第265章 一失足成千古恨

作品:《名义:高植物重生后怼哭沙瑞金

    一连三个杀字,听得裴一泓都是心惊胆跳的。


    这是真的如来神掌要压下来了啊!


    “那……那赵安邦……”裴一泓再次询问。


    这要是严厉处理赵安邦,必然会牵连到自己的,自己是不是该想办法抽身了?


    老者没有立即回答,而是看向了裴一泓,“他是你举荐的,你觉得呢?”


    老者直接把皮球踢给裴一泓。


    裴一泓眼眸晦暗,但还是道,“书记,我失职,是我识人不清,我要向您和组织检讨,请求组织给我处分!”


    老者轻笑一声,“你倒是有担当!不过这件事情前因后果我们已经清楚了,赵安邦确实不知情。”


    “了……了解清楚了?”裴一泓一惊。


    卧槽,你们从哪了解的?


    你们难道听了赵安邦办公室那座机电话的录音?


    要是这样,那就说得通了。


    那红色的座机电话是有录音的,只是需要很高的权限才能听。


    一般情况下没人会去听,因为这事儿很敏感。


    “但是赵安邦作为汉东一把手,对这件事情他也要负责的,汉东班子不能再动荡调整了,以免引起不必要的动荡。

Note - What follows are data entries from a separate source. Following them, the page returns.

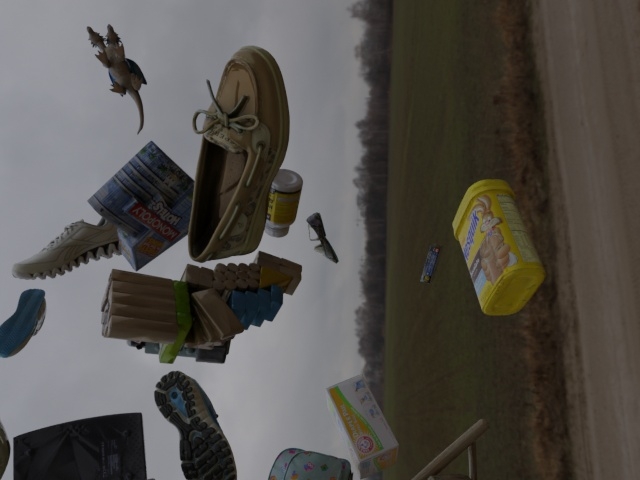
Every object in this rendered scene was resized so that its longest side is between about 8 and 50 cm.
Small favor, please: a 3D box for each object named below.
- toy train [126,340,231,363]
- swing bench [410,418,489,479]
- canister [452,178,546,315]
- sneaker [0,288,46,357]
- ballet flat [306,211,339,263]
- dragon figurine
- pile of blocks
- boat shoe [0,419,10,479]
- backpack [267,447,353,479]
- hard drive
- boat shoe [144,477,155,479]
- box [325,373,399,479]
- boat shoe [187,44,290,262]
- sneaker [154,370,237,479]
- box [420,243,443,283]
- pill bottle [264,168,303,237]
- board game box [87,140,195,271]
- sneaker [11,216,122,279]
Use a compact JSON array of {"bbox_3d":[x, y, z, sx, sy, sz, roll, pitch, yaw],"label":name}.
[{"bbox_3d":[-0.417,0.273,1.558,0.190,0.333,0.142,-105,28,-61],"label":"toy train"},{"bbox_3d":[0.213,0.422,0.694,0.253,0.254,0.165,35,139,58],"label":"swing bench"},{"bbox_3d":[0.263,0.011,0.769,0.126,0.073,0.170,99,169,-49],"label":"canister"},{"bbox_3d":[-0.811,0.238,1.407,0.229,0.087,0.092,-92,11,-54],"label":"sneaker"},{"bbox_3d":[0.000,0.000,1.017,0.041,0.041,0.114,-73,-37,-67],"label":"ballet flat"},{"bbox_3d":[-0.510,-0.429,1.334,0.289,0.085,0.144,64,175,-19],"label":"dragon figurine"},{"bbox_3d":[-0.165,0.115,0.782,0.362,0.149,0.113,-8,-43,-47],"label":"pile of blocks"},{"bbox_3d":[-0.568,0.133,0.686,0.186,0.156,0.500,-24,-64,-35],"label":"boat shoe"},{"bbox_3d":[-0.032,0.569,1.182,0.144,0.188,0.166,75,-154,-48],"label":"backpack"},{"bbox_3d":[-0.481,0.453,1.042,0.054,0.254,0.172,101,158,-71],"label":"hard drive"},{"bbox_3d":[-0.119,0.404,0.512,0.342,0.123,0.123,55,153,8],"label":"boat shoe"},{"bbox_3d":[0.100,0.456,1.262,0.114,0.103,0.203,86,161,-47],"label":"box"},{"bbox_3d":[-0.112,-0.099,0.656,0.089,0.104,0.285,-20,-53,-48],"label":"boat shoe"},{"bbox_3d":[-0.141,0.234,0.632,0.162,0.063,0.073,62,-176,16],"label":"sneaker"},{"bbox_3d":[0.292,0.059,1.338,0.137,0.027,0.094,-9,-65,-73],"label":"box"},{"bbox_3d":[-0.071,-0.064,0.919,0.065,0.065,0.116,-80,3,-53],"label":"pill bottle"},{"bbox_3d":[-0.299,-0.046,0.906,0.194,0.060,0.194,-46,-29,-4],"label":"board game box"},{"bbox_3d":[-0.638,0.015,1.307,0.292,0.110,0.118,-27,-66,-44],"label":"sneaker"}]
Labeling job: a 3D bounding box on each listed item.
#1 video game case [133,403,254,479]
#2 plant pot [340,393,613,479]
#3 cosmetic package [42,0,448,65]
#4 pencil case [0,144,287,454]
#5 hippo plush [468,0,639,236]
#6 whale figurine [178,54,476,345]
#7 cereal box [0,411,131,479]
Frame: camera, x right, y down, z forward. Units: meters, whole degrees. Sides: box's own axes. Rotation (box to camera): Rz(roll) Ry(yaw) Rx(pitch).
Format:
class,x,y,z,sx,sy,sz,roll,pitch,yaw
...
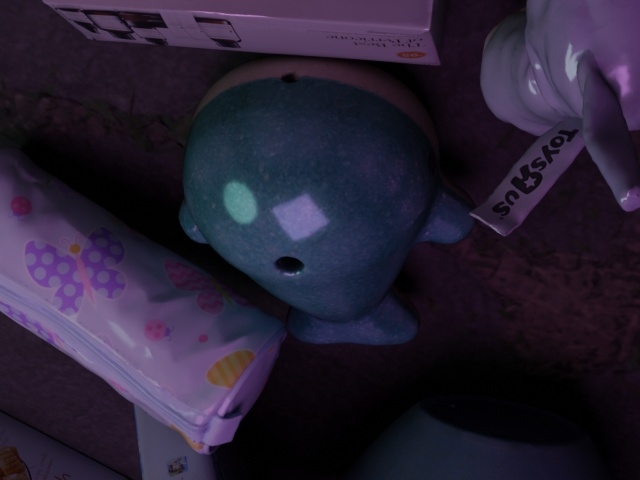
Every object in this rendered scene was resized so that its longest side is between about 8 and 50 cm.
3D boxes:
class,x,y,z,sx,sy,sz,roll,pitch,yaw
video game case,-0.086,0.232,1.286,0.061,0.244,0.269,-17,131,0
plant pot,0.127,0.233,1.248,0.290,0.290,0.195,10,99,4
cosmetic package,-0.043,-0.153,0.994,0.239,0.060,0.099,5,176,9
pencil case,-0.158,0.042,1.158,0.273,0.124,0.113,32,112,5
hippo plush,0.124,-0.181,0.852,0.236,0.294,0.234,55,154,-12
whale figurine,0.000,0.000,1.110,0.216,0.141,0.272,1,137,12
cereal box,-0.270,0.249,1.404,0.240,0.173,0.047,31,134,-17
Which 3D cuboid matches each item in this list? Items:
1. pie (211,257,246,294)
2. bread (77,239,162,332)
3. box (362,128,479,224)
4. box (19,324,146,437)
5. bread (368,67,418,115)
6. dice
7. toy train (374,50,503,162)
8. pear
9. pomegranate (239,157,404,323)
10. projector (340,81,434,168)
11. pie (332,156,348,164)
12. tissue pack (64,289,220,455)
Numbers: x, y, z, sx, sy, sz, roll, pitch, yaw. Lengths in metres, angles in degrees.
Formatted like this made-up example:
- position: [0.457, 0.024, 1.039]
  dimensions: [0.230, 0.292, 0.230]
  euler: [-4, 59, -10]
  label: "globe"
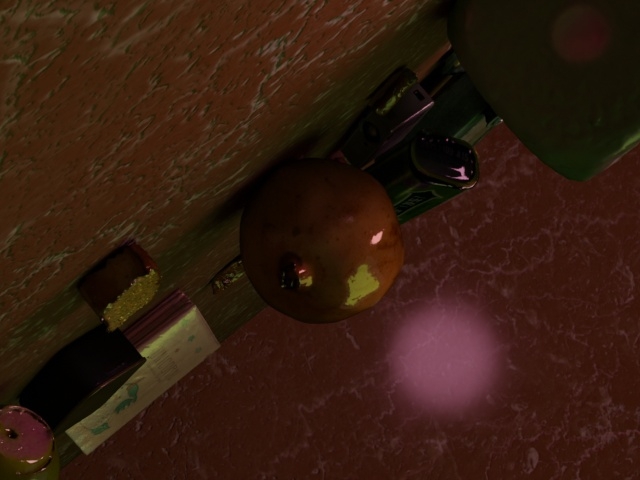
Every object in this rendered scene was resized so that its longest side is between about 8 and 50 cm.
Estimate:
- position: [-0.142, 0.039, 2.387]
  dimensions: [0.191, 0.033, 0.088]
  euler: [-33, 166, -8]
  label: "pie"
- position: [-0.261, 0.061, 1.572]
  dimensions: [0.103, 0.065, 0.187]
  euler: [-37, 176, -10]
  label: "bread"
- position: [0.124, -0.087, 2.039]
  dimensions: [0.134, 0.097, 0.345]
  euler: [7, 163, -25]
  label: "box"
- position: [-0.391, 0.229, 1.946]
  dimensions: [0.144, 0.090, 0.201]
  euler: [-34, 173, -48]
  label: "box"
- position: [0.111, -0.229, 1.835]
  dimensions: [0.083, 0.036, 0.047]
  euler: [-44, -179, 30]
  label: "bread"
- position: [0.392, -0.294, 1.677]
  dimensions: [0.322, 0.318, 0.330]
  euler: [-41, 174, 25]
  label: "dice"
- position: [0.259, -0.233, 2.145]
  dimensions: [0.397, 0.160, 0.253]
  euler: [-44, 173, 36]
  label: "toy train"
- position: [-0.489, 0.352, 1.774]
  dimensions: [0.220, 0.187, 0.187]
  euler: [-45, 173, 29]
  label: "pear"
- position: [0.000, 0.000, 1.822]
  dimensions: [0.264, 0.264, 0.264]
  euler: [-39, 175, -4]
  label: "pomegranate"
- position: [0.106, -0.191, 1.982]
  dimensions: [0.115, 0.061, 0.147]
  euler: [-38, 175, -30]
  label: "projector"
- position: [-0.013, -0.093, 2.116]
  dimensions: [0.154, 0.038, 0.153]
  euler: [-38, 177, -3]
  label: "pie"
- position: [-0.346, 0.242, 2.195]
  dimensions: [0.325, 0.071, 0.170]
  euler: [-39, 144, -10]
  label: "tissue pack"
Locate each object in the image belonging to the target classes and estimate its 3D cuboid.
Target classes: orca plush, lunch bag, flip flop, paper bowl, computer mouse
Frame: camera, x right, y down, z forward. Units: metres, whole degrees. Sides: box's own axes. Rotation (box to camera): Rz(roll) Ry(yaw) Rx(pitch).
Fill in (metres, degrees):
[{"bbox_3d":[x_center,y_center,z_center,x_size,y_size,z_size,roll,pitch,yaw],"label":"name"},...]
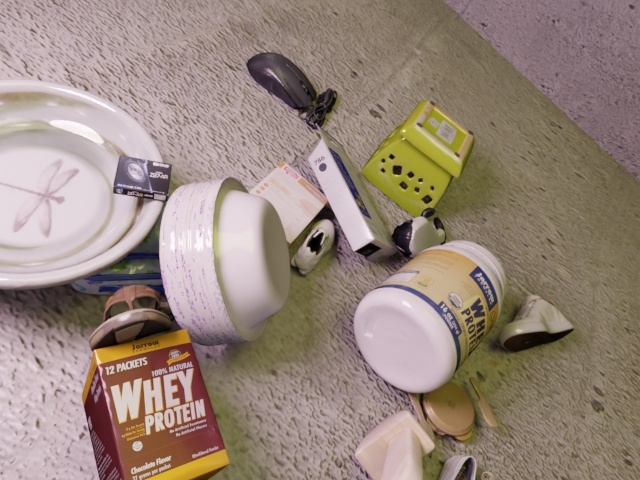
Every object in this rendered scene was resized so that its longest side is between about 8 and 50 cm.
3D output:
[{"bbox_3d":[0.235,-0.023,1.285,0.102,0.151,0.287,15,23,28],"label":"orca plush"},{"bbox_3d":[-0.338,0.011,0.919,0.219,0.090,0.176,2,60,-29],"label":"lunch bag"},{"bbox_3d":[-0.279,0.107,0.767,0.112,0.277,0.080,-17,91,-8],"label":"flip flop"},{"bbox_3d":[-0.143,0.032,0.874,0.148,0.284,0.284,-9,54,10],"label":"paper bowl"},{"bbox_3d":[-0.077,-0.447,1.422,0.272,0.072,0.188,33,48,-7],"label":"computer mouse"}]

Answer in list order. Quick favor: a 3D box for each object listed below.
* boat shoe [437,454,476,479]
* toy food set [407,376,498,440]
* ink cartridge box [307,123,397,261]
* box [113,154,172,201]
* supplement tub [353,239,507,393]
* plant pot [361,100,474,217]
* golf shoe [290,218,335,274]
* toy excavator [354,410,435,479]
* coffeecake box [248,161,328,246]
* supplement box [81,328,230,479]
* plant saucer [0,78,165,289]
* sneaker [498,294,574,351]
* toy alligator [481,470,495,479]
[{"bbox_3d":[0.252,0.486,0.953,0.066,0.063,0.184,44,46,3],"label":"boat shoe"},{"bbox_3d":[0.271,0.361,1.080,0.192,0.038,0.132,1,51,-25],"label":"toy food set"},{"bbox_3d":[0.066,-0.113,1.226,0.165,0.065,0.333,22,41,-60],"label":"ink cartridge box"},{"bbox_3d":[-0.283,-0.099,0.813,0.083,0.018,0.067,9,55,-18],"label":"box"},{"bbox_3d":[0.244,0.146,1.082,0.316,0.228,0.228,-31,77,-42],"label":"supplement tub"},{"bbox_3d":[0.284,-0.234,1.399,0.227,0.207,0.228,38,45,-2],"label":"plant pot"},{"bbox_3d":[0.000,0.000,1.136,0.069,0.086,0.176,33,45,-4],"label":"golf shoe"},{"bbox_3d":[0.046,0.443,0.718,0.445,0.433,0.222,-37,85,-16],"label":"toy excavator"},{"bbox_3d":[-0.088,-0.073,1.145,0.142,0.068,0.185,40,46,0],"label":"coffeecake box"},{"bbox_3d":[-0.244,0.263,0.720,0.129,0.191,0.194,-8,62,-35],"label":"supplement box"},{"bbox_3d":[-0.455,-0.084,0.805,0.400,0.100,0.401,12,53,-16],"label":"plant saucer"},{"bbox_3d":[0.533,0.208,1.313,0.290,0.106,0.123,4,49,-41],"label":"sneaker"},{"bbox_3d":[0.394,0.528,1.023,0.189,0.056,0.051,45,5,6],"label":"toy alligator"}]
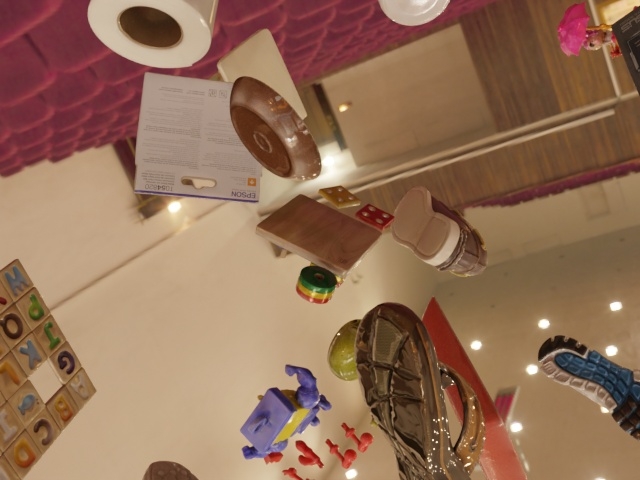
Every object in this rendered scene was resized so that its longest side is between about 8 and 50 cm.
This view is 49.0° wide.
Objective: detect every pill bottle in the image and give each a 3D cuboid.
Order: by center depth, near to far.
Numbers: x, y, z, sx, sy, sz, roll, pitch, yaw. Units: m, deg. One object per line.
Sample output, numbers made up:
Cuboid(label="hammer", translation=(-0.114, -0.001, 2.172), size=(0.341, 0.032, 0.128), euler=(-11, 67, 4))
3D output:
Cuboid(label="pill bottle", translation=(0.137, -0.451, 1.151), size=(0.121, 0.121, 0.221), euler=(-20, -141, 10))

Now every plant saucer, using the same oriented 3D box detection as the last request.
Cuboid(label="plant saucer", translation=(0.213, 0.244, 0.958), size=(0.048, 0.258, 0.259), euler=(-25, -149, 4))
Cuboid(label="plant saucer", translation=(-0.081, -0.164, 1.101), size=(0.036, 0.198, 0.198), euler=(-44, -160, -19))

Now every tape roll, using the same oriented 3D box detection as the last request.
Cuboid(label="tape roll", translation=(-0.331, -0.493, 1.425), size=(0.246, 0.169, 0.246), euler=(4, 157, 2))

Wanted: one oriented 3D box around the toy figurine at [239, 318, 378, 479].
Cuboid(label="toy figurine", translation=(-0.030, 0.319, 1.270), size=(0.217, 0.191, 0.362), euler=(9, 122, -53))

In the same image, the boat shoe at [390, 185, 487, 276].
Cuboid(label="boat shoe", translation=(0.217, -0.017, 1.318), size=(0.116, 0.096, 0.324), euler=(-60, -165, 10))

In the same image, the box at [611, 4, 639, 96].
Cuboid(label="box", translation=(0.443, -0.212, 0.725), size=(0.059, 0.183, 0.232), euler=(11, 148, -37))

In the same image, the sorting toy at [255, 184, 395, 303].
Cuboid(label="sorting toy", translation=(0.000, 0.000, 0.941), size=(0.132, 0.046, 0.274), euler=(26, -149, 13))

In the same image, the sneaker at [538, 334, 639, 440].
Cuboid(label="sneaker", translation=(0.361, 0.180, 0.848), size=(0.190, 0.083, 0.071), euler=(38, -82, 41))

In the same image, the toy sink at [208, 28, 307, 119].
Cuboid(label="toy sink", translation=(-0.162, -0.341, 1.587), size=(0.131, 0.234, 0.153), euler=(18, -125, 45))

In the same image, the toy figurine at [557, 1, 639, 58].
Cuboid(label="toy figurine", translation=(0.453, -0.324, 1.088), size=(0.159, 0.130, 0.173), euler=(8, 180, 33))

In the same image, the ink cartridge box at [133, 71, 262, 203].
Cuboid(label="ink cartridge box", translation=(-0.212, -0.177, 1.251), size=(0.223, 0.224, 0.045), euler=(5, 169, -11))

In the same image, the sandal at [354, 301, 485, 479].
Cuboid(label="sandal", translation=(0.081, 0.126, 0.468), size=(0.060, 0.219, 0.090), euler=(-30, -156, -18))

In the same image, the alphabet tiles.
Cuboid(label="alphabet tiles", translation=(-0.351, 0.158, 0.759), size=(0.009, 0.198, 0.237), euler=(-15, -159, 21))

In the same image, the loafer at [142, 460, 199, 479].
Cuboid(label="loafer", translation=(-0.187, 0.450, 0.979), size=(0.112, 0.111, 0.319), euler=(14, -155, -37))
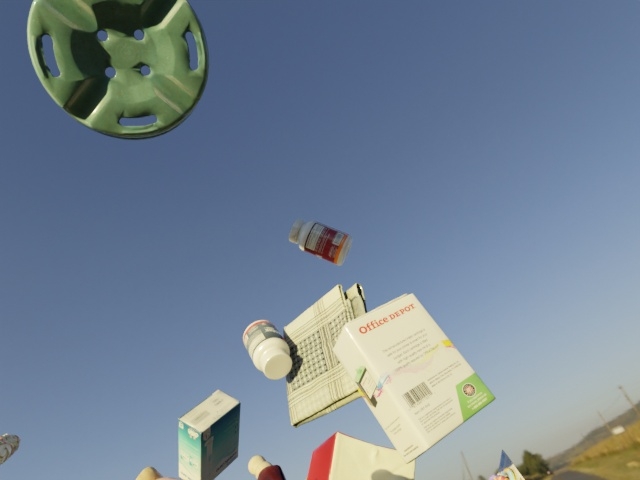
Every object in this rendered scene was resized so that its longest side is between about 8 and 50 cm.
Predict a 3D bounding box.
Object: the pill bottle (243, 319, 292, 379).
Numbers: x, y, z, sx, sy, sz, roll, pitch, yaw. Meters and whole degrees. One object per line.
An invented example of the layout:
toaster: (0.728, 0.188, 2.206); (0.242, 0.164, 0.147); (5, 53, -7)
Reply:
pill bottle: (-0.148, 0.313, 1.247); (0.108, 0.180, 0.107); (-8, -69, -23)

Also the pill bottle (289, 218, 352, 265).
pill bottle: (0.000, 0.000, 1.133); (0.152, 0.086, 0.086); (23, -38, 11)

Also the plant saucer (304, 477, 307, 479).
plant saucer: (0.026, 0.662, 1.256); (0.188, 0.045, 0.188); (-43, -11, -23)

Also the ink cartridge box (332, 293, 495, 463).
ink cartridge box: (0.187, 0.278, 0.925); (0.201, 0.278, 0.117); (-19, -31, -30)

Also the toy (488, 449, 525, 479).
toy: (0.427, 0.596, 1.013); (0.056, 0.136, 0.237); (11, -3, 4)

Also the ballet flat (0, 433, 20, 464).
ballet flat: (-0.832, 0.532, 1.066); (0.091, 0.077, 0.241); (-67, -20, -10)

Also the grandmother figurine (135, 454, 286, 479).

    把赵安邦记过处分一次,降为代书记吧,依旧主持汉东省委工作。


    要是能把经济发展好,干完这一届就退了吧,反之,也换个地方养老吧。”


    老者这话已经把事情定谳。


    裴一泓心里顿时松了一口气,还好,还好,看来是老领导保我了,我没多大事儿,衣角微脏。


    “是,书记。”


    这老者抬手揉捏着鼻梁,“一泓,上面很看好你,我知道赵安邦是你老搭档,但你要再出手就坏规矩了,机会就一次,错过了就是错过了,有些人呐,还是不懂这个道理!”


    这话让裴一泓的心又揪了起来。


    这是指让自己及时止损,放弃赵安邦?


    把赵安邦弄去汉东已经是出手了,不许再出手了。


    “是,书记。”


    裴一泓没有辩解,没有开脱。


    也没有说不是因为赵安邦能力不行,而是因为高育良他们不讲规矩才造成现在的局面。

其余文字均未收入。